Work item:
All that should be output is the block of lines below from the line with "1. loafer [33,53,57,71]" to the line with "13. toy car [0,157,13,186]", both included, exactly as written.

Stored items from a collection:
►

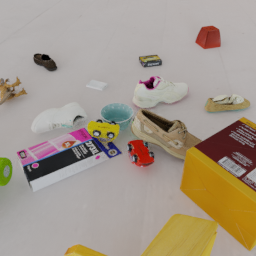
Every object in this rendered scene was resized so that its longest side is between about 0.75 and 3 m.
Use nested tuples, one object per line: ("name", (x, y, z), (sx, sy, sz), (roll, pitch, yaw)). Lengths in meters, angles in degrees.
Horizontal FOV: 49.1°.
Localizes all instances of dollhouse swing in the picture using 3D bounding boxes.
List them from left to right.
("dollhouse swing", (0.256, 2.499, 5.221), (1.911, 2.174, 1.976), (24, 45, 30))

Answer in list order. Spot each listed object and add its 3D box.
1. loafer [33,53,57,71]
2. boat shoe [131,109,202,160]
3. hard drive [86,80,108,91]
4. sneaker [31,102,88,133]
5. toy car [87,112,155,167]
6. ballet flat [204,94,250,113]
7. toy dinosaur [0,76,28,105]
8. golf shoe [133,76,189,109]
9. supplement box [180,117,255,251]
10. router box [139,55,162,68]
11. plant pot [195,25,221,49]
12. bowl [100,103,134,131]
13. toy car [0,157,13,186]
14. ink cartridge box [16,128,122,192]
("loafer", (-4.041, -3.360, 13.654), (1.753, 0.625, 0.640), (31, 48, 32))
("boat shoe", (1.418, 0.223, 8.681), (2.644, 0.853, 0.942), (21, 38, -2))
("hard drive", (-1.346, -1.878, 12.243), (0.798, 0.106, 0.526), (16, 42, 20))
("sneaker", (-2.343, -0.252, 9.826), (2.006, 0.755, 0.887), (-29, 60, -32))
("toy car", (0.214, 0.179, 9.291), (2.523, 0.563, 2.374), (31, 44, 23))
("ballet flat", (3.899, -0.999, 10.759), (1.935, 0.610, 0.664), (-10, 40, -12))
("toy dinosaur", (-4.861, -1.338, 11.260), (1.362, 0.774, 2.564), (-27, 34, -3))
("golf shoe", (1.375, -1.540, 11.033), (2.485, 1.137, 0.936), (-17, 41, -22))
("supplement box", (3.033, 1.250, 7.219), (2.335, 1.551, 2.303), (-25, 45, -28))
("router box", (1.108, -3.335, 13.915), (0.976, 0.255, 0.768), (-10, 40, -12))
("plant pot", (4.498, -5.078, 15.532), (1.067, 0.941, 1.068), (-12, 41, -14))
("bowl", (-0.386, -0.324, 9.919), (1.178, 0.616, 1.178), (0, 39, 0))
("toy car", (-4.513, 1.863, 6.691), (2.325, 2.233, 2.830), (2, 67, 5))
("ink cartridge box", (-1.776, 0.786, 8.677), (2.938, 0.545, 1.391), (-20, 43, -26))
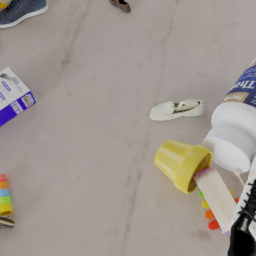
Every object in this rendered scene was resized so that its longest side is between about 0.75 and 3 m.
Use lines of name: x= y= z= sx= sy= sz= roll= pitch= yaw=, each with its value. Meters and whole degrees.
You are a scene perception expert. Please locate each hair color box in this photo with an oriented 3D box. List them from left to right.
hair color box: x=-3.417 y=-0.565 z=6.972 sx=1.916 sy=0.621 sz=1.047 roll=-39 pitch=68 yaw=-16

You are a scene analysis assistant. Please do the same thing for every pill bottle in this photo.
pill bottle: x=2.847 y=-0.335 z=6.362 sx=1.468 sy=1.468 sz=2.646 roll=35 pitch=68 yaw=17

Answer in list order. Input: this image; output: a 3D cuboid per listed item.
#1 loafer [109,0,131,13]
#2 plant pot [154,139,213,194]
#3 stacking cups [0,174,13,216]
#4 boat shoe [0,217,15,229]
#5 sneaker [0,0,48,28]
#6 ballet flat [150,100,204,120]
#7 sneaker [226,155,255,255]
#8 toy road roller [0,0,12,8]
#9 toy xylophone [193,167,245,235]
loafer: x=-0.257 y=-4.056 z=8.979 sx=0.906 sy=0.322 sz=0.331 roll=38 pitch=68 yaw=18
plant pot: x=1.160 y=0.751 z=6.116 sx=0.975 sy=1.037 sz=1.037 roll=29 pitch=65 yaw=32
stacking cups: x=-2.703 y=1.446 z=6.134 sx=0.270 sy=0.270 sz=0.893 roll=-16 pitch=59 yaw=-8
boat shoe: x=-2.832 y=1.988 z=5.798 sx=0.978 sy=0.358 sz=0.317 roll=9 pitch=76 yaw=6
sneaker: x=-3.381 y=-3.825 z=8.330 sx=1.783 sy=1.288 sz=0.678 roll=-31 pitch=68 yaw=-14
ballet flat: x=1.237 y=-0.520 z=7.037 sx=1.400 sy=0.502 sz=0.502 roll=-8 pitch=62 yaw=-3
sneaker: x=2.442 y=1.473 z=5.118 sx=0.962 sy=0.886 sz=2.404 roll=9 pitch=90 yaw=-36
toy road roller: x=-4.262 y=-4.699 z=8.889 sx=1.875 sy=1.152 sz=1.369 roll=11 pitch=52 yaw=8
toy xylophone: x=2.020 y=1.462 z=5.864 sx=1.028 sy=0.353 sz=1.404 roll=-19 pitch=73 yaw=4
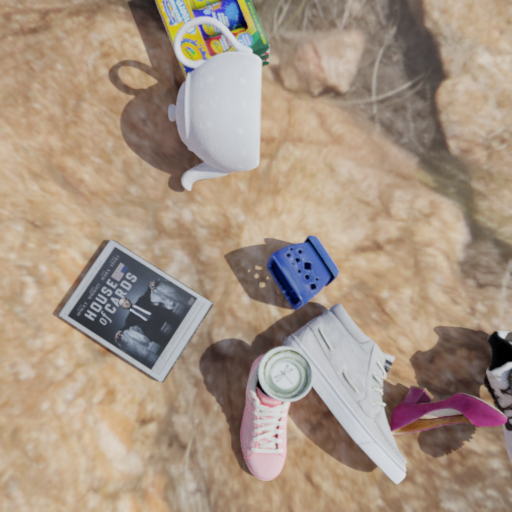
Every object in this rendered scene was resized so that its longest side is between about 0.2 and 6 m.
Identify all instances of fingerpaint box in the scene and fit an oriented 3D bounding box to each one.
[{"bbox_3d":[-0.888,-4.528,10.959,1.715,0.754,2.055,-20,80,-4],"label":"fingerpaint box"}]

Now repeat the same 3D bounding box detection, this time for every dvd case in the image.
[{"bbox_3d":[-2.162,0.973,10.138,2.247,0.278,1.689,31,80,5],"label":"dvd case"}]

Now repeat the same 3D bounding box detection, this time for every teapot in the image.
[{"bbox_3d":[-0.728,-2.575,9.877,1.632,2.206,2.235,3,71,0],"label":"teapot"}]

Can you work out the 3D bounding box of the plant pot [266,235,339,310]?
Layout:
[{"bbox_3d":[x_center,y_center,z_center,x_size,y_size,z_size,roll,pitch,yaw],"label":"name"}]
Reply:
[{"bbox_3d":[0.849,0.264,9.925,0.921,1.025,1.025,-31,80,-12],"label":"plant pot"}]

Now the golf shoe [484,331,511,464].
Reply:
[{"bbox_3d":[4.153,2.365,9.065,1.165,0.958,2.465,25,53,-18],"label":"golf shoe"}]

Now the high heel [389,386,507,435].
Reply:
[{"bbox_3d":[3.015,2.671,9.017,0.653,1.938,0.930,47,65,-28],"label":"high heel"}]

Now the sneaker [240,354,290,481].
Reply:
[{"bbox_3d":[0.157,2.722,9.387,0.800,1.111,2.124,3,80,-2],"label":"sneaker"}]

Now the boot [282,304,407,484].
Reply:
[{"bbox_3d":[1.862,2.231,9.472,1.421,1.094,2.974,-38,82,-3],"label":"boot"}]

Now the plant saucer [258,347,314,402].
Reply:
[{"bbox_3d":[0.470,1.919,9.011,0.901,0.226,0.901,2,63,-4],"label":"plant saucer"}]
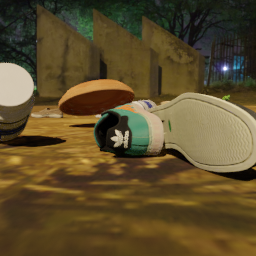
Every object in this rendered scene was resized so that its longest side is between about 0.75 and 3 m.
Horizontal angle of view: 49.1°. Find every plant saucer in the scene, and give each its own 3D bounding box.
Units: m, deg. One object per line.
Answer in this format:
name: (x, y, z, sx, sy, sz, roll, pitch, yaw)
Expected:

◄

Answer box:
1. loafer [33,53,57,71]
2. boat shoe [131,109,202,160]
3. hard drive [86,80,108,91]
4. sneaker [31,102,88,133]
5. toy car [87,112,155,167]
6. ballet flat [204,94,250,113]
7. toy dinosaur [0,76,28,105]
8. golf shoe [133,76,189,109]
9. supplement box [180,117,255,251]
10. router box [139,55,162,68]
11. plant pot [195,25,221,49]
12. bowl [100,103,134,131]
13. toy car [0,157,13,186]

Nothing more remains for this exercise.